Speaker 1: Scot Barton, Head of Business Insurance R&D at Farmers Insurance 

Scot has always understood the potential for applying data science to the vast amount of available data within the insurance industry, and how that can yield powerful results for use cases like pricing, claims processing, and customer service. But there was always one important data source that eluded Scot and his data science team...until they started using DataRobot: 

Text analysis.

Computers do a great job of processing numerical data, but when it comes to analyzing words and text — commonly found in insurance applications they struggle. Scot warns that data science teams can’t even consider including text data, an untapped resource in building models, until they have the maturity to work with Ensemble Models, something DataRobot automatically generates.

 

For Scot and Farmers Insurance, DataRobot is a tool that even a junior data scientist on his team can use to make predictions, present findings, and accelerate the business conversation.

In his presentation, Scot dove into some of the complexities of text analysis  word order, context, punctuation, stemming, stop words and shared his solutions for solving those issues. For example, text from surveys can be stemmed (i.e. “conference” and “conferences” treated the same) and stop words removed (i.e. words like “the” and “this"). The remaining words can then be tokenized  turned into a table containing 1s and 0s  and a vector created for each survey record. Using these approaches, Scot’s team can clean up and prepare text data, and then input that data into predictive models.

As Scot explained, text analysis typically takes many time-consuming steps, which turns it into a whole separate project. By using DataRobot’s automated machine learning platform, text analysis becomes just “an extra button to push”:

 Typical Text Analytics Steps
 With DataRobot

 Research R/Python Packages

 Automated

 Install and Config Packages

 Automated

 Get Vocabulary Dataset

 Automated

 Train Library / Vectors

 Automated

 Load Modeling Dataset

 Manual

 Cleanup - Stem words

 Automated

 Cleanup - Remove Stopwords

 Automated

 Decide which models to run

 Automated

 Run Models

 Automated

 Analyze Results

 Manual

 Consider Ensembles

 Automated

Automating the steps above with DataRobot means that a typical text analytics modeling project now takes Scot and his team days, rather than the weeks the manual approach demanded. The time and productivity savings over manual processes frees up his limited pool of data scientists to work on more challenging and creative data science projects.

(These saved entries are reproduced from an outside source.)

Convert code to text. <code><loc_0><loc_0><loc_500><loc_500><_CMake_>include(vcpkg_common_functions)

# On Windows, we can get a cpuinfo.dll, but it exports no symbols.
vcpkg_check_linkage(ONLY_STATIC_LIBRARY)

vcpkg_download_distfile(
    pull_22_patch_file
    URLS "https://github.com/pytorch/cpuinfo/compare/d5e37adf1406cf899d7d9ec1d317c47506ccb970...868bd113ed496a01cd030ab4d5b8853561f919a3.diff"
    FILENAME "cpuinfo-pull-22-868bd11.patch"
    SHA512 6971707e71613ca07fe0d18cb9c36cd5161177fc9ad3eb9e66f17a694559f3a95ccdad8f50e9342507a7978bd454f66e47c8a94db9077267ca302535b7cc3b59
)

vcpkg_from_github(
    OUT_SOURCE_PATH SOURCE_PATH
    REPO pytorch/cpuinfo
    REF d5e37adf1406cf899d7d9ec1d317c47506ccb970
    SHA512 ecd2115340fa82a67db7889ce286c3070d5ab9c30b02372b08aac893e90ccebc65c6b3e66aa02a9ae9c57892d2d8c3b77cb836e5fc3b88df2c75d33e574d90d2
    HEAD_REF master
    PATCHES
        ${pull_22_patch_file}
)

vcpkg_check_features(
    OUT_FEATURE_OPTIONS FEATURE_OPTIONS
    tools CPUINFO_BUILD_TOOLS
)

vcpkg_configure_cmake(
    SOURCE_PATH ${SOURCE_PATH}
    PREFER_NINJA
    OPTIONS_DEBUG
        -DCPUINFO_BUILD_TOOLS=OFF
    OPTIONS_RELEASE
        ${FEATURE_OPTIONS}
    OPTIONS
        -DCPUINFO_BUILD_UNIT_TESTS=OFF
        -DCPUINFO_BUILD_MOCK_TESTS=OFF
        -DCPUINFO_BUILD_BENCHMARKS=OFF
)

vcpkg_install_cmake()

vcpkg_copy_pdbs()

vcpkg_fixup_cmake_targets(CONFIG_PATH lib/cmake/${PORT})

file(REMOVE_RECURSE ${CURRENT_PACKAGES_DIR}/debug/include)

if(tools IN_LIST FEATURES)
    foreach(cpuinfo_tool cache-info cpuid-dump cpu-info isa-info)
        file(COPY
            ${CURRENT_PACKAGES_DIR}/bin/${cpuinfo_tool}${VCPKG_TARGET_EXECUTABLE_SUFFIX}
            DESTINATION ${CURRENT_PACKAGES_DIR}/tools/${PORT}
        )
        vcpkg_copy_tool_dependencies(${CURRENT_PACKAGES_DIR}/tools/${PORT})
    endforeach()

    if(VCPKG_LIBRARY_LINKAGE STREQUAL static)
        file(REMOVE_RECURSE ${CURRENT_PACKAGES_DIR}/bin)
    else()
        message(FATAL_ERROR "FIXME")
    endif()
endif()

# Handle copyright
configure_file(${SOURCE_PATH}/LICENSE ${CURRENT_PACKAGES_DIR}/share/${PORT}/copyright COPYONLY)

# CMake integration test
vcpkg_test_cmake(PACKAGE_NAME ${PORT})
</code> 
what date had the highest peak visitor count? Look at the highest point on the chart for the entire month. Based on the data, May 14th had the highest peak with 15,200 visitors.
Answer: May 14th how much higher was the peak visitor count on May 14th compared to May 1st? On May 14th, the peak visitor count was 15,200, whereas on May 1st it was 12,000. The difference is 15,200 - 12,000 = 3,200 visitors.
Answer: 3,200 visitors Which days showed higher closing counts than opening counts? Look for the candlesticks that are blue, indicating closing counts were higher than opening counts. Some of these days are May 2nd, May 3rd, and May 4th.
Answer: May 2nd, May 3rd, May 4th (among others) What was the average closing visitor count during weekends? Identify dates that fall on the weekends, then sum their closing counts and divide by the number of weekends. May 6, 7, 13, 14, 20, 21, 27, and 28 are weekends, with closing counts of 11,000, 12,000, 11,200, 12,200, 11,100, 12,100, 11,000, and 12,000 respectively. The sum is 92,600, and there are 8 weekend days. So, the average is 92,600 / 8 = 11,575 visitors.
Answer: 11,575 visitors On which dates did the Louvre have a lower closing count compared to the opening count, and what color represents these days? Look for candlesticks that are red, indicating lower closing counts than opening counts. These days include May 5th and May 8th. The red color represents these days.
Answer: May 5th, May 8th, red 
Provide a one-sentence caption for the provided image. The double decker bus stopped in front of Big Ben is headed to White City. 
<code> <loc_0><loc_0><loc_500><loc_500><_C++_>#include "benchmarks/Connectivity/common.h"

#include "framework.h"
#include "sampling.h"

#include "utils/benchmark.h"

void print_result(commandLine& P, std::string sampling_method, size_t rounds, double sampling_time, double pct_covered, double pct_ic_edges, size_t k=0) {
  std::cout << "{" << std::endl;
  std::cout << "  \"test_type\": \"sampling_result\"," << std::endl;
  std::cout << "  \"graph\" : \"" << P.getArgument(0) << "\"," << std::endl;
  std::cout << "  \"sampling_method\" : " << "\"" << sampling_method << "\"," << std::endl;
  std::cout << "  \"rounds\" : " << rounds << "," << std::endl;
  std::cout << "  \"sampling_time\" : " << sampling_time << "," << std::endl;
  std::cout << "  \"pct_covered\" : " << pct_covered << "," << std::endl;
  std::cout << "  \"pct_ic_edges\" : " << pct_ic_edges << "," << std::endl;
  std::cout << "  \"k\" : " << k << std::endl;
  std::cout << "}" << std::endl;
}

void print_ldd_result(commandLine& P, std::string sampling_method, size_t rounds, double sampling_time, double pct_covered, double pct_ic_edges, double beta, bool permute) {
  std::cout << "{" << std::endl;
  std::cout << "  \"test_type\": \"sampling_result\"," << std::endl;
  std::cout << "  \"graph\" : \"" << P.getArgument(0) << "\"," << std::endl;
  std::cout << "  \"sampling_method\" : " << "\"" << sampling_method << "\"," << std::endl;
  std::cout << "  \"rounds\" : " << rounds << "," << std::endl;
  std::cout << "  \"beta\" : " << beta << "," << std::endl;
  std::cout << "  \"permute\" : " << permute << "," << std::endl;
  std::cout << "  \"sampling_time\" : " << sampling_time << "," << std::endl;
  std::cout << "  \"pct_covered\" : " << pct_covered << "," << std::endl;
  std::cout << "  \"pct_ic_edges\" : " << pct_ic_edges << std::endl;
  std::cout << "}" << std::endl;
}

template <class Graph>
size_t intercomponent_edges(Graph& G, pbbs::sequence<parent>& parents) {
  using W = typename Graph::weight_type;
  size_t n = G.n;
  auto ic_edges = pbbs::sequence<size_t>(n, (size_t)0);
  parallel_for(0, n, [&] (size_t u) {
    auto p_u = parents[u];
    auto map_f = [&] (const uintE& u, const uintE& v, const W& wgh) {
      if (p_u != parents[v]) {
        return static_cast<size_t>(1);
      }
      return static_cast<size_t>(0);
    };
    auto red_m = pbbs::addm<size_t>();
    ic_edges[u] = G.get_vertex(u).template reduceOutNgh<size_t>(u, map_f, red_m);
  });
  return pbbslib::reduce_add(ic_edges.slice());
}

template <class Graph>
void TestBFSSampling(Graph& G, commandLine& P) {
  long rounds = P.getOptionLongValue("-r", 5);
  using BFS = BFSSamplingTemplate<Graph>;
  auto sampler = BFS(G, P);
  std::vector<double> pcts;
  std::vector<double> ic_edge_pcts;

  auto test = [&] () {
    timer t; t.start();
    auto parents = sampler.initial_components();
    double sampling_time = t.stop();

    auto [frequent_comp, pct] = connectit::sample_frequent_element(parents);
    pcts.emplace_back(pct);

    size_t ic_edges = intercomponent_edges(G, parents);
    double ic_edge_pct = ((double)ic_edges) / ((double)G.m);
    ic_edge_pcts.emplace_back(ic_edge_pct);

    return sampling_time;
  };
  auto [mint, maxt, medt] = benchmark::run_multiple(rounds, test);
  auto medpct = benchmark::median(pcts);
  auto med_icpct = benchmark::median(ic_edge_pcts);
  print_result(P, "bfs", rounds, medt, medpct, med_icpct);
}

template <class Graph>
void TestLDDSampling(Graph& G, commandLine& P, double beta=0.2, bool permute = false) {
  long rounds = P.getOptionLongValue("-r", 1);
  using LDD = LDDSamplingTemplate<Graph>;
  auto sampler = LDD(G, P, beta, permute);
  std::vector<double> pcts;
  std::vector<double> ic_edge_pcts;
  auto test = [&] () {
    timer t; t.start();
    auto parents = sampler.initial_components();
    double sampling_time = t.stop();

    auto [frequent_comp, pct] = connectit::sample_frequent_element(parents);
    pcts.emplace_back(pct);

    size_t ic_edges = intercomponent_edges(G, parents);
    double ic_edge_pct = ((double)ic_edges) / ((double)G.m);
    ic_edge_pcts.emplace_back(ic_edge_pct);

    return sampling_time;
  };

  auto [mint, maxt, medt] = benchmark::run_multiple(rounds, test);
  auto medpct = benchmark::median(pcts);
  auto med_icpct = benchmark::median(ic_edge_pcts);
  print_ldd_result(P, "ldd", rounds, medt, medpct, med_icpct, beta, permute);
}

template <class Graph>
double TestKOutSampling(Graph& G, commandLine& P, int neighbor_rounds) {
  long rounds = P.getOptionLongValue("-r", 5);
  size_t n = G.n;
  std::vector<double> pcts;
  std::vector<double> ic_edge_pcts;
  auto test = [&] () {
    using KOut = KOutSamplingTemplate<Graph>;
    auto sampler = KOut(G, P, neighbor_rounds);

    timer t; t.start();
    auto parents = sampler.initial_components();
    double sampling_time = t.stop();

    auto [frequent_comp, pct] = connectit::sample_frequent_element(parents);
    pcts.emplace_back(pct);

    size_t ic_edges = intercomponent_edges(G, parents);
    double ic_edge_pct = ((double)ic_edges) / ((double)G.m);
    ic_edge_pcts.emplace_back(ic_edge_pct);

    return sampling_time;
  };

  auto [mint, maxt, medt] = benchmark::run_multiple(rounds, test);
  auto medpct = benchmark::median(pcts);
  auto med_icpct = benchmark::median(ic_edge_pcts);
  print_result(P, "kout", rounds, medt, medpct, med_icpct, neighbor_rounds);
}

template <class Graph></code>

DataRobot isn’t just useful for Scot in automating tedious manual processes. One of the helpful byproducts of using DataRobot is in communicating data science findings to a business audience. For example, by using DataRobot’s Word Cloud (sample below), Scot’s team can present findings that show how frequently a word appears in the dataset (indicated by the size of the word), and whether it is predictive or not (indicated by a red or blue coloring). The Word Cloud is a quick way to visualize how much impact certain words have on the predictive power of the model.

 

For Scot and Farmers Insurance, DataRobot is a tool that even a junior data scientist on his team can use to make predictions, present findings, and accelerate the business conversation.

 

Speaker 2: Yashar Mehdad, Data Science Manager at Airbnb

Yashar has been doing data science for, in his own words, “a long time.” Back when he was just getting started, automation was largely non-existent, which meant there were a lot of manual processes for Yashar to perform before he could get to production. This greatly limited his capacity to build and run a lot of models.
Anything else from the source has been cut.